*Problem description:* Below are some entries. Count the lines where "metres" appears and state only that number.

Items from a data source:
· · · · ·
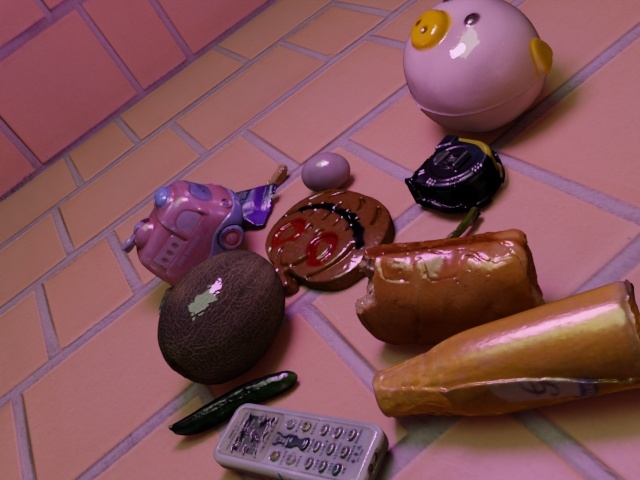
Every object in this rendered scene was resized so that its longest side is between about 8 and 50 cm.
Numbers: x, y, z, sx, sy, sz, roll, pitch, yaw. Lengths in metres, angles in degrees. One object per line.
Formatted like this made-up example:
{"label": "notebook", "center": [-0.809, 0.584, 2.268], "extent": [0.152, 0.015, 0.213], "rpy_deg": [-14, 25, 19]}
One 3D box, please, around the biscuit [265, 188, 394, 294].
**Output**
{"label": "biscuit", "center": [-0.001, -0.001, 1.662], "extent": [0.314, 0.063, 0.367], "rpy_deg": [-43, 35, -17]}

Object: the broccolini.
{"label": "broccolini", "center": [0.218, 0.004, 1.485], "extent": [0.271, 0.062, 0.123], "rpy_deg": [-33, 41, -6]}

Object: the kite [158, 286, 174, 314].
{"label": "kite", "center": [-0.374, 0.148, 1.833], "extent": [0.137, 0.005, 0.152], "rpy_deg": [-45, 36, -16]}

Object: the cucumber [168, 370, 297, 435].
{"label": "cucumber", "center": [-0.173, 0.326, 1.401], "extent": [0.284, 0.056, 0.056], "rpy_deg": [-26, 34, 6]}

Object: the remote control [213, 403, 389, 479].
{"label": "remote control", "center": [-0.039, 0.366, 1.223], "extent": [0.335, 0.066, 0.128], "rpy_deg": [-2, 47, 38]}

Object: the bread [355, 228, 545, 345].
{"label": "bread", "center": [0.221, 0.093, 1.242], "extent": [0.343, 0.195, 0.149], "rpy_deg": [-10, 20, 31]}

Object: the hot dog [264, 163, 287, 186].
{"label": "hot dog", "center": [-0.122, -0.178, 2.012], "extent": [0.090, 0.034, 0.030], "rpy_deg": [-54, 46, 2]}

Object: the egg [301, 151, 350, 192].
{"label": "egg", "center": [0.013, -0.179, 1.834], "extent": [0.134, 0.103, 0.103], "rpy_deg": [-15, 38, 24]}

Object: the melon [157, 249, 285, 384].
{"label": "melon", "center": [-0.202, 0.154, 1.471], "extent": [0.237, 0.238, 0.302], "rpy_deg": [5, 48, 43]}

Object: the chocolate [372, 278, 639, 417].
{"label": "chocolate", "center": [0.294, 0.204, 1.101], "extent": [0.445, 0.162, 0.162], "rpy_deg": [-22, 35, 25]}

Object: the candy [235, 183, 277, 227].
{"label": "candy", "center": [-0.248, -0.079, 1.964], "extent": [0.275, 0.070, 0.145], "rpy_deg": [-10, 48, 28]}

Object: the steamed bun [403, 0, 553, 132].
{"label": "steamed bun", "center": [0.364, -0.424, 1.672], "extent": [0.333, 0.334, 0.374], "rpy_deg": [-29, 39, 7]}

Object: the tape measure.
{"label": "tape measure", "center": [0.309, -0.150, 1.550], "extent": [0.199, 0.112, 0.186], "rpy_deg": [-47, 38, -18]}

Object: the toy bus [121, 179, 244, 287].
{"label": "toy bus", "center": [-0.348, -0.027, 1.788], "extent": [0.294, 0.231, 0.197], "rpy_deg": [-54, 32, 13]}
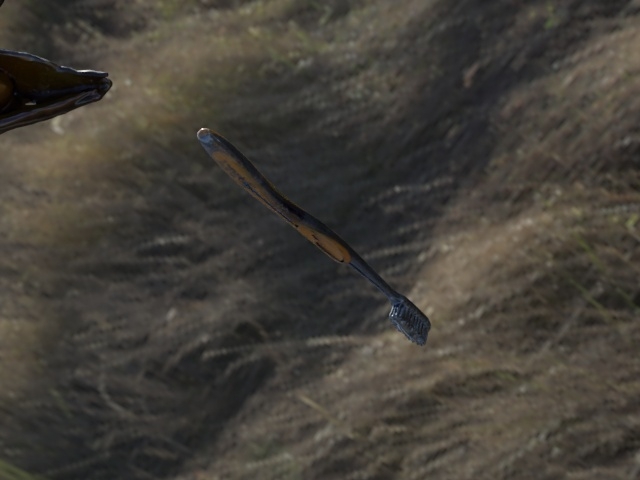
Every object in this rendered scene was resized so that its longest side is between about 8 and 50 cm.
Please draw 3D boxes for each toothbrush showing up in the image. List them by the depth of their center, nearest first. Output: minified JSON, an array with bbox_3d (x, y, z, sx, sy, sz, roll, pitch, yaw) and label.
[{"bbox_3d":[0.000,-0.002,1.350,0.023,0.321,0.031,-24,37,35],"label":"toothbrush"}]

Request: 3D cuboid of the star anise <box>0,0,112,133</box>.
[{"bbox_3d":[-0.168,-0.063,0.615,0.157,0.053,0.212,-26,40,5],"label":"star anise"}]
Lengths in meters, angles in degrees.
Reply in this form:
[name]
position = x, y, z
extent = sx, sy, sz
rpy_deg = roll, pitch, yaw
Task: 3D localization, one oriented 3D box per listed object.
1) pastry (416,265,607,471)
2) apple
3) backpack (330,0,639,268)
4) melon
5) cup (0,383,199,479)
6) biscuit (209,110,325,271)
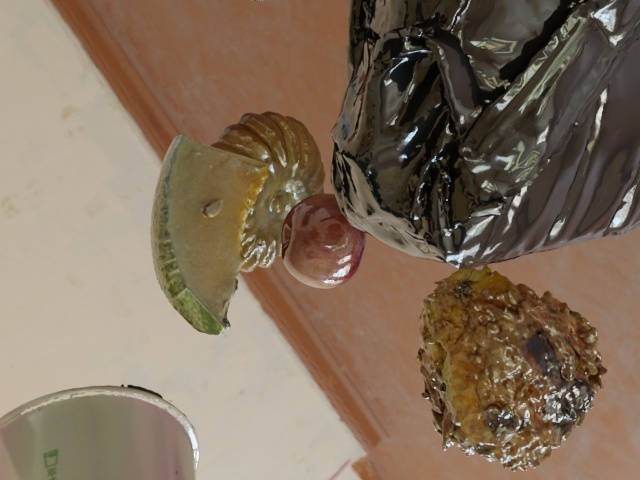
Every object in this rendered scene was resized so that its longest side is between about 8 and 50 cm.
[pastry]
position = 0.349, 0.247, 1.282
extent = 0.405, 0.338, 0.292
rpy_deg = 27, 163, -38
[apple]
position = 0.000, 0.000, 1.090
extent = 0.153, 0.119, 0.154
rpy_deg = -174, 90, -69
[backpack]
position = 0.181, -0.197, 0.531
extent = 0.255, 0.363, 0.446
rpy_deg = 33, 130, 50
[melon]
position = -0.108, -0.007, 0.604
extent = 0.097, 0.182, 0.054
rpy_deg = 14, 144, -7
[cup]
position = -0.214, 0.318, 0.660
extent = 0.274, 0.253, 0.253
rpy_deg = -124, 15, -52
[biscuit]
position = -0.106, -0.085, 1.331
extent = 0.107, 0.325, 0.326
rpy_deg = 26, 143, 39
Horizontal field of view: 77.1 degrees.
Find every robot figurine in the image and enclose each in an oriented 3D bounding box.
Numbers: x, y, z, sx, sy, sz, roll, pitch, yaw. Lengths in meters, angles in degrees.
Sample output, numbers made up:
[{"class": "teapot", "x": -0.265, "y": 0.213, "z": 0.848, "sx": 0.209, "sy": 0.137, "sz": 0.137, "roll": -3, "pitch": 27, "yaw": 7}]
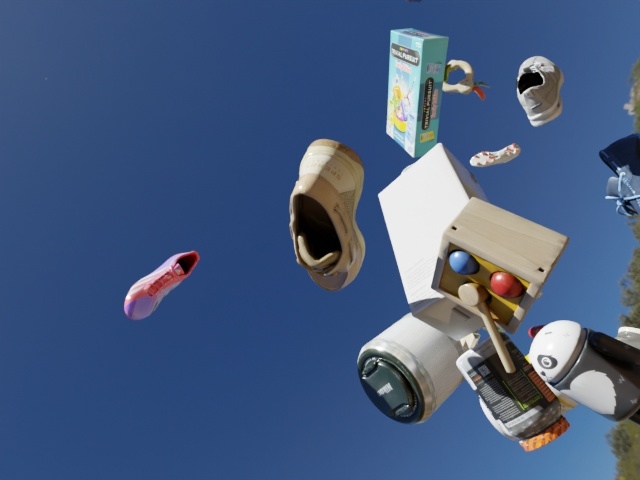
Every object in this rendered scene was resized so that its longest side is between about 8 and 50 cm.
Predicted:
[{"class": "robot figurine", "x": 0.649, "y": 0.312, "z": 0.954, "sx": 0.173, "sy": 0.278, "sz": 0.209, "roll": -5, "pitch": -58, "yaw": -65}]

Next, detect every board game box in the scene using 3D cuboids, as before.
[{"class": "board game box", "x": 0.291, "y": -0.468, "z": 1.269, "sx": 0.079, "sy": 0.253, "sz": 0.336, "roll": -9, "pitch": -57, "yaw": -8}]

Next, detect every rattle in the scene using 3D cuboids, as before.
[{"class": "rattle", "x": 0.512, "y": -0.600, "z": 1.450, "sx": 0.130, "sy": 0.199, "sz": 0.142, "roll": -36, "pitch": -30, "yaw": -2}]

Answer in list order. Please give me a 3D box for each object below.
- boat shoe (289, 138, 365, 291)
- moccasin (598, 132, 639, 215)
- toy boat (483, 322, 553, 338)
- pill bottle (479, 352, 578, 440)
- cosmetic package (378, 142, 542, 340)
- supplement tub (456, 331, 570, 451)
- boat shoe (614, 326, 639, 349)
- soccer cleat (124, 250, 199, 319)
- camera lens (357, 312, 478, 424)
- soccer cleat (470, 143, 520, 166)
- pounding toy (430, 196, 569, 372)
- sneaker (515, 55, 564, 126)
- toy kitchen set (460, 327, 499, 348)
[{"class": "boat shoe", "x": 0.000, "y": 0.000, "z": 0.650, "sx": 0.341, "sy": 0.122, "sz": 0.110, "roll": 82, "pitch": -151, "yaw": -53}, {"class": "moccasin", "x": 0.804, "y": -0.132, "z": 1.032, "sx": 0.137, "sy": 0.117, "sz": 0.342, "roll": 47, "pitch": -137, "yaw": -26}, {"class": "toy boat", "x": 0.719, "y": 0.251, "z": 1.460, "sx": 0.318, "sy": 0.148, "sz": 0.267, "roll": 39, "pitch": -103, "yaw": 5}, {"class": "pill bottle", "x": 0.690, "y": 0.469, "z": 1.275, "sx": 0.188, "sy": 0.188, "sz": 0.334, "roll": 13, "pitch": -54, "yaw": -37}, {"class": "cosmetic package", "x": 0.267, "y": -0.010, "z": 0.846, "sx": 0.155, "sy": 0.365, "sz": 0.197, "roll": 31, "pitch": -54, "yaw": -29}, {"class": "supplement tub", "x": 0.359, "y": 0.281, "z": 0.758, "sx": 0.117, "sy": 0.190, "sz": 0.117, "roll": -24, "pitch": -28, "yaw": -14}, {"class": "boat shoe", "x": 0.920, "y": 0.309, "z": 0.984, "sx": 0.112, "sy": 0.335, "sz": 0.095, "roll": 43, "pitch": -112, "yaw": -44}, {"class": "soccer cleat", "x": -0.409, "y": 0.107, "z": 1.049, "sx": 0.083, "sy": 0.095, "sz": 0.248, "roll": 52, "pitch": -149, "yaw": -13}, {"class": "camera lens", "x": 0.249, "y": 0.312, "z": 1.034, "sx": 0.274, "sy": 0.219, "sz": 0.219, "roll": -23, "pitch": -59, "yaw": -38}, {"class": "soccer cleat", "x": 0.728, "y": -0.341, "z": 1.671, "sx": 0.076, "sy": 0.196, "sz": 0.068, "roll": 40, "pitch": -141, "yaw": -60}, {"class": "pounding toy", "x": 0.200, "y": 0.053, "z": 0.468, "sx": 0.100, "sy": 0.130, "sz": 0.141, "roll": -43, "pitch": -32, "yaw": -28}, {"class": "sneaker", "x": 0.568, "y": -0.423, "z": 1.052, "sx": 0.115, "sy": 0.105, "sz": 0.281, "roll": 42, "pitch": -138, "yaw": -25}, {"class": "toy kitchen set", "x": 0.356, "y": 0.205, "z": 0.871, "sx": 0.075, "sy": 0.068, "sz": 0.083, "roll": 12, "pitch": -66, "yaw": 0}]
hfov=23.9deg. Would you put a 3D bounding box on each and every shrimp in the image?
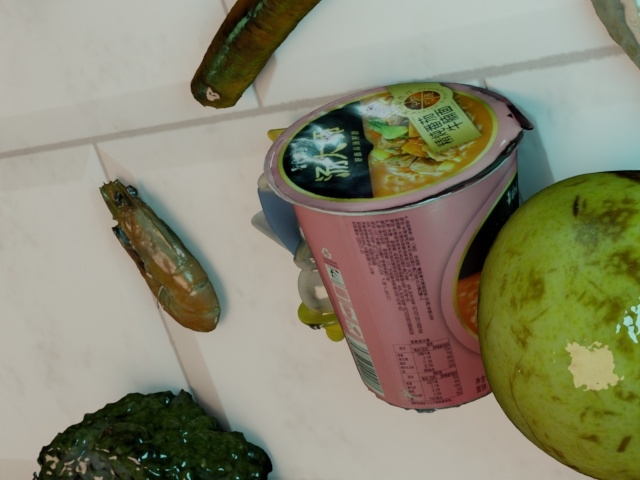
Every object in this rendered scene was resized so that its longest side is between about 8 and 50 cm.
[{"bbox_3d":[-0.195,0.022,1.776,0.217,0.051,0.115,53,139,-1],"label":"shrimp"}]

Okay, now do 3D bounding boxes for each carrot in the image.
[{"bbox_3d":[-0.055,-0.216,1.495,0.070,0.070,0.260,50,138,6],"label":"carrot"}]

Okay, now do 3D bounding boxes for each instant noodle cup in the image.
[{"bbox_3d":[0.091,0.011,1.410,0.244,0.244,0.255,11,130,37],"label":"instant noodle cup"}]

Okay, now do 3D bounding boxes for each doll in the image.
[{"bbox_3d":[0.000,0.000,1.553,0.135,0.099,0.241,-15,109,6],"label":"doll"}]

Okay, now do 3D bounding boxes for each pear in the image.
[{"bbox_3d":[0.263,0.064,1.245,0.284,0.283,0.283,21,127,31],"label":"pear"}]

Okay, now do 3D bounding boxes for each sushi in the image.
[{"bbox_3d":[-0.190,0.371,1.888,0.294,0.178,0.352,16,121,31],"label":"sushi"}]

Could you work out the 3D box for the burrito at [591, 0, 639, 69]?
[{"bbox_3d":[0.238,-0.229,1.233,0.082,0.059,0.275,-26,96,54],"label":"burrito"}]
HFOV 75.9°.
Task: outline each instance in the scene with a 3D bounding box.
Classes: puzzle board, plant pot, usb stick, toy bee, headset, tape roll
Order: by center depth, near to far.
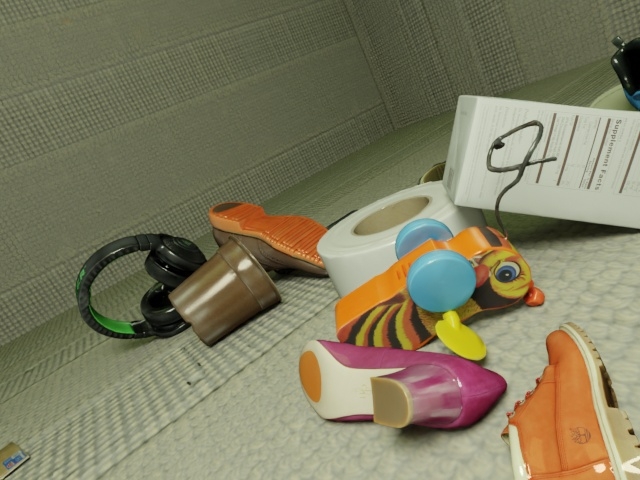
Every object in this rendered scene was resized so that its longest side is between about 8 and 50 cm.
[{"bbox_3d":[0.163,0.049,0.457,0.298,0.162,0.195,-38,23,42],"label":"toy bee"},{"bbox_3d":[-0.551,0.389,0.687,0.128,0.011,0.096,-11,19,42],"label":"puzzle board"},{"bbox_3d":[0.140,-0.003,0.714,0.286,0.100,0.286,-25,14,7],"label":"tape roll"},{"bbox_3d":[-0.191,0.104,0.801,0.165,0.167,0.167,-38,17,-17],"label":"plant pot"},{"bbox_3d":[-0.348,0.090,0.965,0.394,0.244,0.185,-1,28,-34],"label":"headset"},{"bbox_3d":[0.000,0.000,1.043,0.278,0.045,0.077,-32,17,-22],"label":"usb stick"}]

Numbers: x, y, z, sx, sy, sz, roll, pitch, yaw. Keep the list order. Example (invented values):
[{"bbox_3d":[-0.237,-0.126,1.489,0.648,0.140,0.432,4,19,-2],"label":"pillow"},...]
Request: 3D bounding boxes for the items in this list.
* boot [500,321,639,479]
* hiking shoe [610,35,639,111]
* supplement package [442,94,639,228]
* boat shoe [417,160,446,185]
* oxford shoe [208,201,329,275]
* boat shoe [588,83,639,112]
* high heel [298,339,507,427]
[{"bbox_3d":[0.176,0.121,0.308,0.084,0.059,0.158,-23,15,29],"label":"boot"},{"bbox_3d":[0.470,-0.165,0.522,0.304,0.132,0.113,-84,19,-50],"label":"hiking shoe"},{"bbox_3d":[0.303,-0.109,0.540,0.243,0.134,0.139,8,21,7],"label":"supplement package"},{"bbox_3d":[0.306,-0.155,1.018,0.223,0.080,0.073,-29,8,-34],"label":"boat shoe"},{"bbox_3d":[-0.096,0.017,0.926,0.363,0.133,0.130,21,34,31],"label":"oxford shoe"},{"bbox_3d":[0.598,-0.210,0.652,0.113,0.127,0.340,2,0,-16],"label":"boat shoe"},{"bbox_3d":[0.065,0.142,0.435,0.117,0.082,0.244,2,-15,-27],"label":"high heel"}]
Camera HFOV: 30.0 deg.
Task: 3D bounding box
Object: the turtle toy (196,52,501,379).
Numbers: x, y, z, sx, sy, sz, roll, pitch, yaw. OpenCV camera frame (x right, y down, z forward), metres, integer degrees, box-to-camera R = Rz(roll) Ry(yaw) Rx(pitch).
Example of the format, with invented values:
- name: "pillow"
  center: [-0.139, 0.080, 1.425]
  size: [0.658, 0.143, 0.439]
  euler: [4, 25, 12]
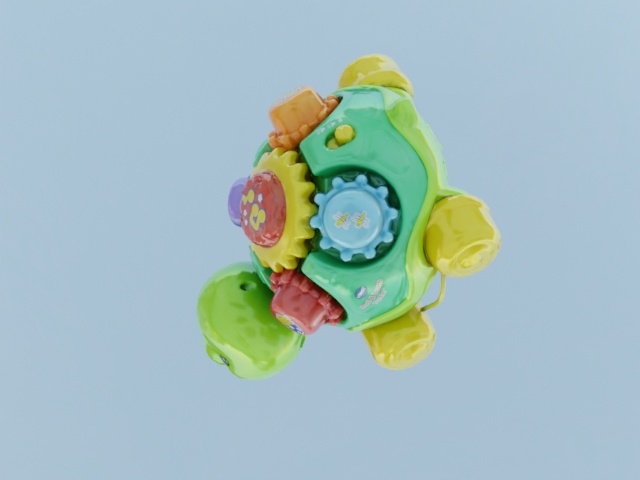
· · · · ·
*Response area:* 2